Lorsque vous faites vos recherches dans la rue, est-ce que vous filmez des morceaux, est-ce que vous prenez des notes ? Ou vous contentez-vous de mémoriser des images qui alimentent votre imaginaire ?
C. T. : Il y a deux choses : tout d’abord je prends des notes sur un petit carnet et j’observe beaucoup. Tout est gravé dans ma tête. Sentir pour moi est vraiment essentiel, j’aime sentir les personnes elles-mêmes. Dans la rue, je plonge dans mon intuition, je plonge dans mon subconscient. Parce qu’il y a beaucoup de choses que l’on observe ainsi dans la rue et elles appellent mon inconscient. Alors je me demande pourquoi cela m’interpelle : pourquoi est-ce que mon regard s’est posé là ? Parfois c’est quelque chose que même moi j’ignore. Il y a quelque chose qui m’interpelle et ainsi je cherche. Ainsi je suis le chemin où me mène ce que j’ai pu voir ; ça m’aide énormément en termes de scénario. Quand je ne sais pas quoi écrire, tout ce que je vois m’interpelle. Je peux avoir un type de recherche très focalisé. Par exemple, je suis allé dans 47 marchés pour présenter le marché que l’on voit dans le film. Je m’y suis fait des amis : nous avons déjeuné ensemble, je tenais même les stands. C’était une imprégnation totale. Dans le film, il y a ce personnage muet. Là aussi j’ai fait une recherche. Je suis allé dans des écoles pour sourds-muets, je suis resté dans les classes, j’ai déjeuné avec eux, j’ai fait une recherche. Dans le cadre de recherches très focalisées, je suis aussi allé dans des quartiers périphériques, dans lesquels se déroule toute mon histoire, c’est-à-dire des quartiers habités par des personnes de la classe moyenne inférieure.
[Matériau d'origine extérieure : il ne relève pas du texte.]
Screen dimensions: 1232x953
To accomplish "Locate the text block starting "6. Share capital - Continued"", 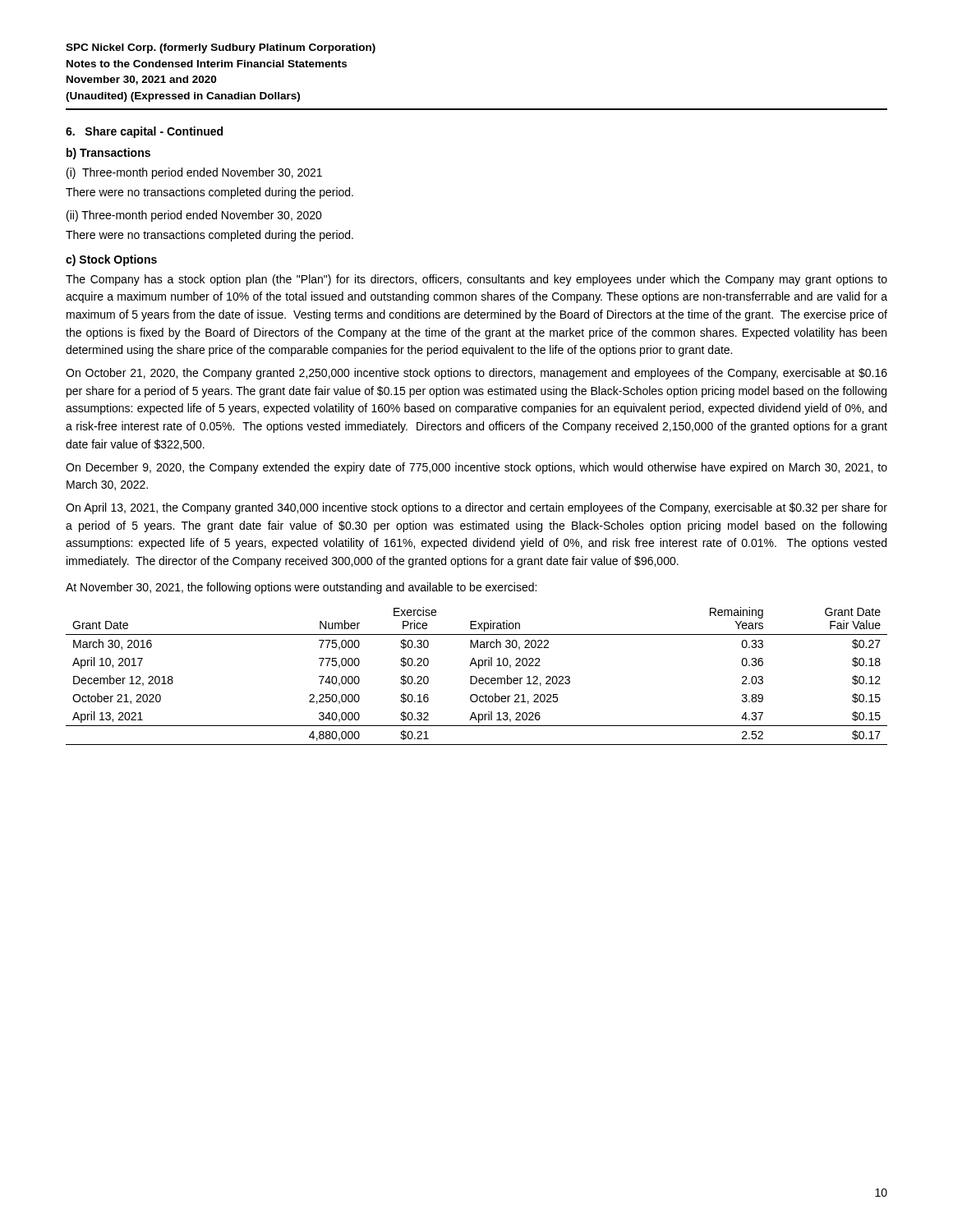I will pos(145,132).

Quel est le processus créatif pendant le tournage ? Comment avez-vous dirigé les acteurs ?
CT : Concernant le jeu des acteurs, je ne laisse pas mes acteurs lire le scénario avant, parce que s’ils connaissent l’histoire, ils vont l’étudier chez eux, et alors on pourrait se priver d’une certaine spontanéité qui pourrait se produire pendant le tournage. Quand mes acteurs sont réunis sur la scène de tournage, j’explique la situation et là, oui, je prends des scènes, que je filme. Je leur lis les séquences de manière très lente, avec les dialogues aussi, et j’explique longuement : pourquoi cette séquence, qu’est-ce que j’attends d’eux là, pourquoi ils sont là, quels sont les sentiments qu’ils ressentent là dans cette situation, qu’est-ce qui s’est passé avant, et qu’est-ce qui va se passer après. Mais je ne marque pas les lieux : si l’acteur veut aller s’asseoir sur telle chaise, il y va. J’organise ma scène en fonction de son choix de s’asseoir là parce qu’il y est confortable.
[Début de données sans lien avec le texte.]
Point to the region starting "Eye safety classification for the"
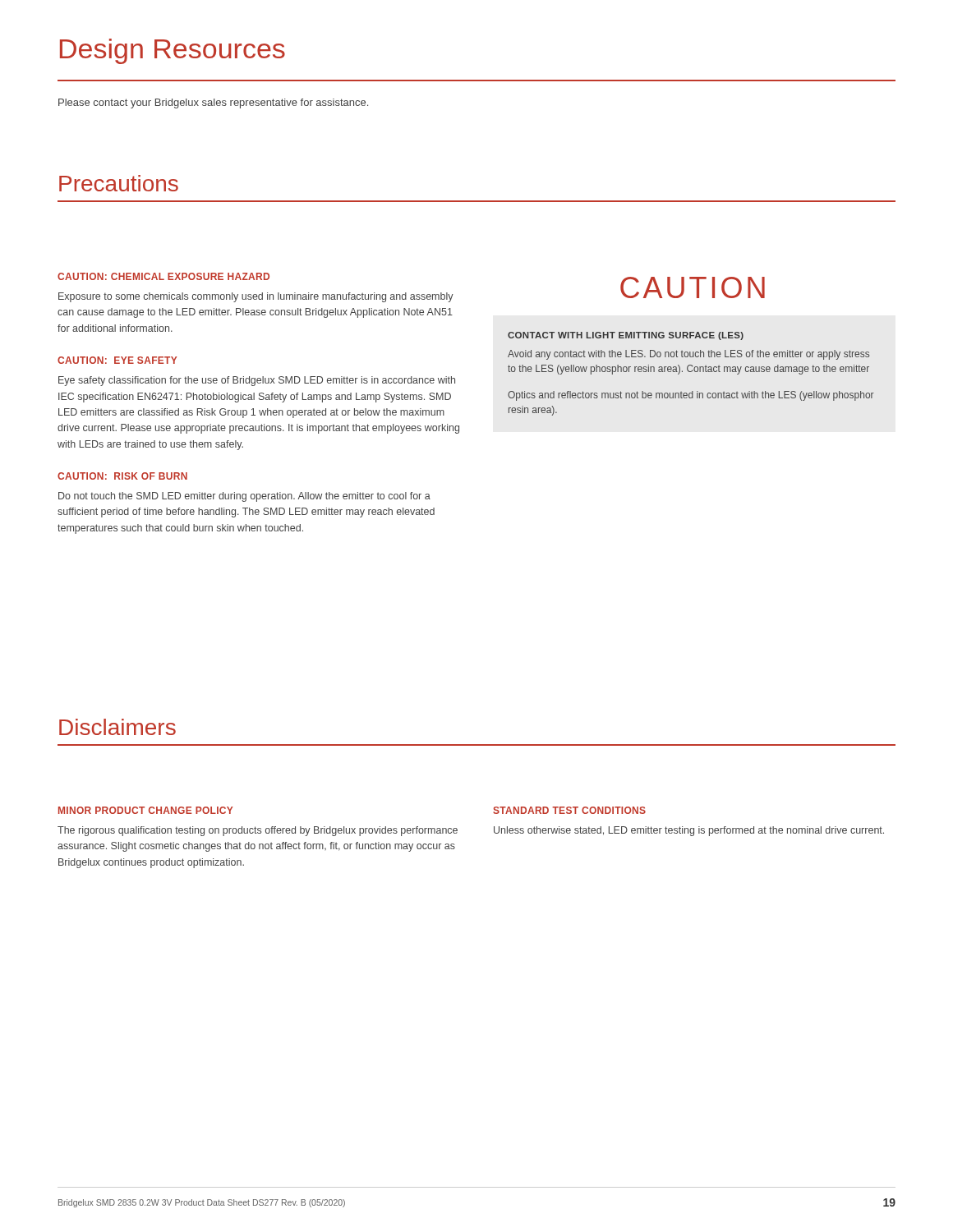The image size is (953, 1232). point(259,413)

En outre, en termes de dialogues, je n’ai pas besoin que mes acteurs disent le dialogue que j’ai écrit. En revanche, je dois être très très attentif pour qu’on ne s’éloigne pas du scénario. Si j’« ingère », c’est vraiment le mot, l’acteur, parce que si je lui dis : tu fais ça, tu dis ça, tu te mets là, tu fais ce visage là, le film n’existe pas. Mais c’est à moi d’être très attentif s’il y a quelque chose qui va trop s’éloigner du scénario. Les acteurs sont donc en liberté surveillée. [rires]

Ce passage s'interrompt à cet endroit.